In a brief filed to the European Court of Human rights, Alliance Defending Freedom argued that Pussy Riot violated Christians’ religious freedom by protesting in a cathedral.

AP Photo/Denis Tyrin

KIEV, Ukraine — An American Christian group has filed an amicus brief challenging Russian feminist punk art group Pussy Riot’s upcoming case before the European Court of Human Rights, the most recent example of the religious right supporting Vladimir Putin’s attempts to showcase Russia as a bulwark of conservatism.

In a brief filed on Feb. 17, Alliance Defending Freedom, a group that is the rough conservative Christian equivalent of the American Civil Liberties Union, appealed to the court to balance the right to free speech against the right to freedom of religion, both enshrined in the European Convention on Human Rights.
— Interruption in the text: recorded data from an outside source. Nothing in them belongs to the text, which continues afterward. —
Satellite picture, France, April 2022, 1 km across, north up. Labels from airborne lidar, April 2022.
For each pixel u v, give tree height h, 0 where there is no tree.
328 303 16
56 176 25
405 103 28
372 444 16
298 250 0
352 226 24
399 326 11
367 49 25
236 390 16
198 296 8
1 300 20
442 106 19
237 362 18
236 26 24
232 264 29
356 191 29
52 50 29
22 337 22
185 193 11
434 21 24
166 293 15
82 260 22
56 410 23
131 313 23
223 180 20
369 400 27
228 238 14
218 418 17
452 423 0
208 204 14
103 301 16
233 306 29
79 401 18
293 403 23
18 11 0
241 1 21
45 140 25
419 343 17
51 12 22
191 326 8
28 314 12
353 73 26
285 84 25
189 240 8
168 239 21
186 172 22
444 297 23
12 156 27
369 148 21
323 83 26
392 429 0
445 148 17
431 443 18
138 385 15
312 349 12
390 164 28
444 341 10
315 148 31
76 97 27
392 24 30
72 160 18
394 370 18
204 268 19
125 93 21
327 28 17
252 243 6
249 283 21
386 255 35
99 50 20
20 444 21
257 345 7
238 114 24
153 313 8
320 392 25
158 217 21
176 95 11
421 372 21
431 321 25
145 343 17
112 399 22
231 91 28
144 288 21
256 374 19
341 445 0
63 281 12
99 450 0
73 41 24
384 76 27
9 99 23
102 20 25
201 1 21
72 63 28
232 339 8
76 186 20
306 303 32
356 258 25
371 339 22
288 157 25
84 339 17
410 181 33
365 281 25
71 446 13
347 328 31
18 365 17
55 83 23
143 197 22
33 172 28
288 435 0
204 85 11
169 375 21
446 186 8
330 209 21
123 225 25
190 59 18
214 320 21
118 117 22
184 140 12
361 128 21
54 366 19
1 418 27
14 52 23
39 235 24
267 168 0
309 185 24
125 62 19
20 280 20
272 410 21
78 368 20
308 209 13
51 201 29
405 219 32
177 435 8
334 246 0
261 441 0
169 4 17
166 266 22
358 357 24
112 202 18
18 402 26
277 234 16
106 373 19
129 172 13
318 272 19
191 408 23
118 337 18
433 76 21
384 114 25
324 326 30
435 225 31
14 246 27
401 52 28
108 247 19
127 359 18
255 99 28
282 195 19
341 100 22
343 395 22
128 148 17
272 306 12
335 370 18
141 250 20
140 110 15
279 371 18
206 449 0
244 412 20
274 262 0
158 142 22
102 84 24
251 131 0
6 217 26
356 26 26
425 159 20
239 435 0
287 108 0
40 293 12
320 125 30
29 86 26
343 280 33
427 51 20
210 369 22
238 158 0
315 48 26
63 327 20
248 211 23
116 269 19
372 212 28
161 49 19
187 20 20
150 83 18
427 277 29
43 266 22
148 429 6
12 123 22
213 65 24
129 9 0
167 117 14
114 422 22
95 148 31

In their filing with the Strasbourg-based court, defendants Maria Alyokhina, Nadezhda Tolokonnikova, and Yekaterina Samutsevich contend their freedom of speech was violated when they were sentenced to two years in prison in August 2012 for “hooliganism motivated by religious hatred” for an anti-Putin punk protest in Moscow’s main cathedral. Four human rights organizations, including Amnesty International and Human Rights Watch, are filing amicus briefs in support of the women’s appeal, saying their Russian conviction violates their right to free speech.

Alliance Defending Freedom wants the court to view their case in the context of a “rise of intolerance against Christians” in Europe, citing protests by the Ukrainian feminist group FEMEN and pro-choice protests in churches in several countries. Playing on the tensions inherent in protecting free expression while criminalizing hate speech, the group asks the court to legislate based on its context, implying that choosing the cathedral for the protest violated Christians’ freedom of religion.
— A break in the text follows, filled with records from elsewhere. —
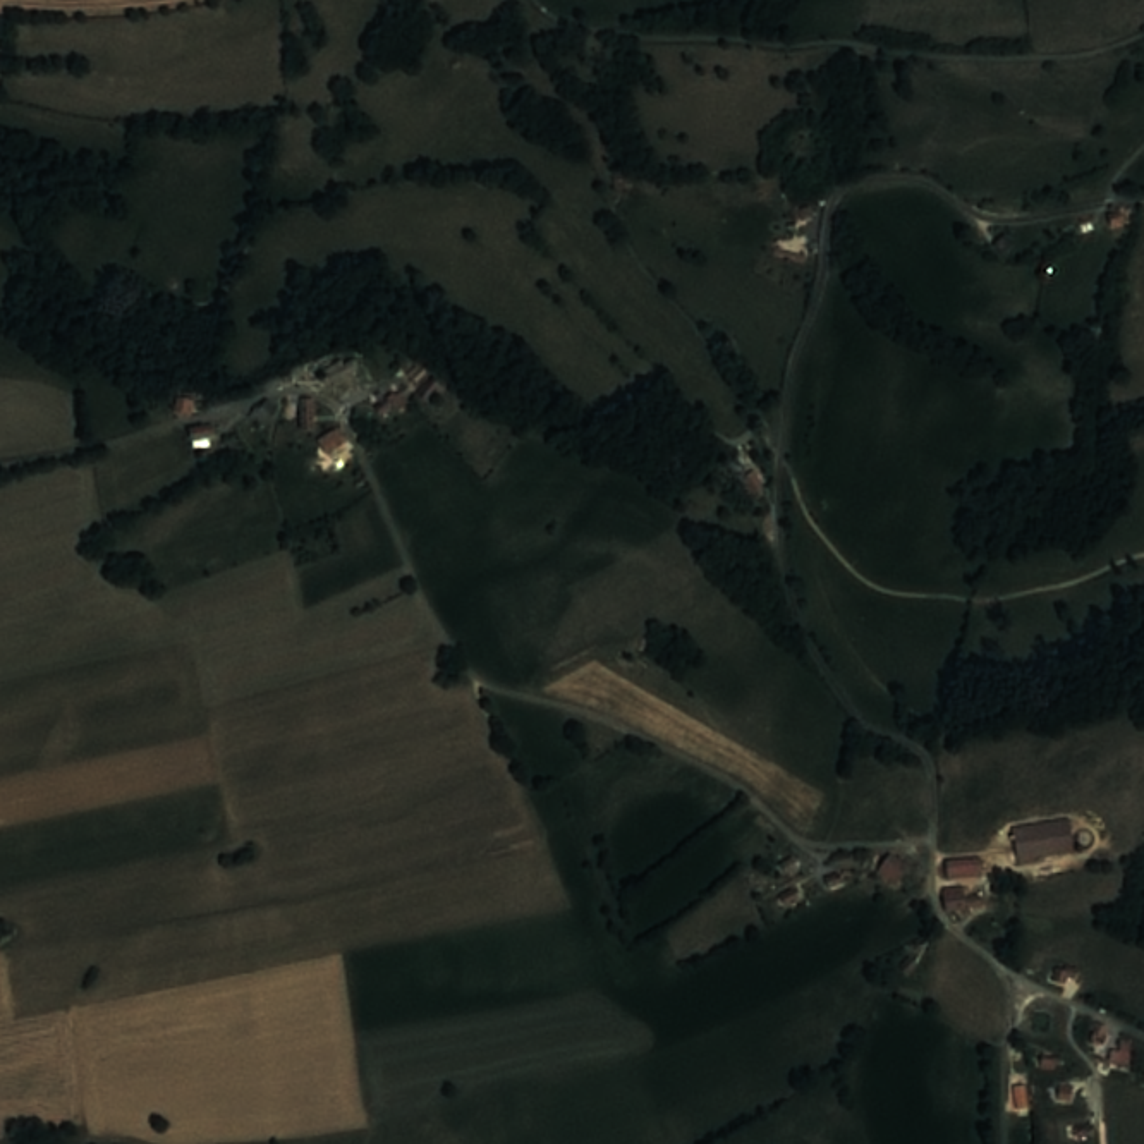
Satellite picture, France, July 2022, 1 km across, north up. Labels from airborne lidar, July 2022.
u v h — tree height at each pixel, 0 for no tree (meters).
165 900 0
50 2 0
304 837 0
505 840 0
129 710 0
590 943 0
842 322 0
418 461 0
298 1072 0
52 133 0
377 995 0
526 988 0
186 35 0
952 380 0
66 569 0
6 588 0
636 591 0
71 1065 0
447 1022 0
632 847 0
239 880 0
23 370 0
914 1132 0
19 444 0
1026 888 11
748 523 0
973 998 0
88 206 17
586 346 0
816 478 0
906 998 8
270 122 24
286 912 0
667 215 0
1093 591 0
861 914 0
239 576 0
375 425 6
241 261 25
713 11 13
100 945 0
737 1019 0
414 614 0
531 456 0
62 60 12
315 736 0
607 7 0
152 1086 0
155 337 17
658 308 0
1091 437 23
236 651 0
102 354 21
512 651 0
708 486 15
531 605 0
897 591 0
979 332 0
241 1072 0
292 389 0
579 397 12
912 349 12
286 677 0
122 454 0
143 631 0
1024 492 29
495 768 0
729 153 0
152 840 0
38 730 0
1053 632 0
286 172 0
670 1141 0
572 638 0
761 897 9
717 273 0
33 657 0
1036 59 0
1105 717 11
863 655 0
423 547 0
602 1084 0
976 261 0
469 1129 0
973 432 0
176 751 0
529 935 0
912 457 0
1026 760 0
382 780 0
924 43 7
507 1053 0
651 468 26
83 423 17
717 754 0
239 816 0
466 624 0
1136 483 8
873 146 12
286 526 7
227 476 20
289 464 0
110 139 0
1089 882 0
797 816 0
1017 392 0
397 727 0
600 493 0
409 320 27
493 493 0
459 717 0
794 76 11
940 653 0
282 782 0
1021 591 0
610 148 18
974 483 11
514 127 16
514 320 0
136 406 19
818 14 0
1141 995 0
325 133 17
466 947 0
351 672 0
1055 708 25
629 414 34
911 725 12
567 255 0
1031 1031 0
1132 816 0
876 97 10
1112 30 0
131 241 0
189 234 0
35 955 0
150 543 0
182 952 0
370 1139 0
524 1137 0
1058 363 0
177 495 20
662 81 10
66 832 0
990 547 23
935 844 0
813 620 0
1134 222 6
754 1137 0
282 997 0
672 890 0
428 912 0
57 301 28
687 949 0
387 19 21
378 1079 0
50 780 0
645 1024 0
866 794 0
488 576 0
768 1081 0
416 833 0
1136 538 0
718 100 0
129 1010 0
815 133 7
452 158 0
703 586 0
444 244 0
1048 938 0
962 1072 0
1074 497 13
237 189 0
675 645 15
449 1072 0
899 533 0
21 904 0
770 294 0
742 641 0
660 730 0
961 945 0
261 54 0
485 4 0
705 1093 0
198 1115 0
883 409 0
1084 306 0
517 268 0
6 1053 0
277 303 0
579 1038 0
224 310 20
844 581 0
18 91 0
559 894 0
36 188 6
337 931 0
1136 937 16
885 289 18
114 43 0
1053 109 0
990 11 0
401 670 0
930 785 0
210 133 19
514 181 24
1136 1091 0
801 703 0
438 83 0
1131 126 0
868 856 8
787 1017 0
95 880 0
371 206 0
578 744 14
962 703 23
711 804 0
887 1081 0
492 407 20
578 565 0
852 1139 0
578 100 21
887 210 0
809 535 0
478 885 0
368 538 0
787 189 11
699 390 0
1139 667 23
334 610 0
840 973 0
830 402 0
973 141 0
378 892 0
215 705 0
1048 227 0

“The Pussy Riot case has provoked this kind of mega-battle of liberal versus conservative values,” said Pavel Chikov, head of the legal foundation that represents Alyokhina and Tolokonnikova. “Conservatives who are against abortion and LGBT rights and for patriarchal values support Russian state policies — Russia is actively trying to turn into a refuge for conservative values around the world.”

Putin has asserted Russia’s role as a counterweight to Western values since his return to the presidency in 2012. In a state of the nation address in December, he promoted traditional family values as a defense against “so-called tolerance — genderless and infertile.”

Alliance Defending Freedom is one of a number of American right-wing groups involved in the planning of the 2014 World Congress of Families, a conservative Christian convention to be held in Moscow in September. The group withdrew from the organization after a field trip to Russia last fall. Alliance Defending Freedom did not return a request for comment.

Pussy Riot appealed to the European Court of Human Rights in February 2013. The Strasbourg-based court is often appealed to by Russians who do not trust the country’s politicized legal system.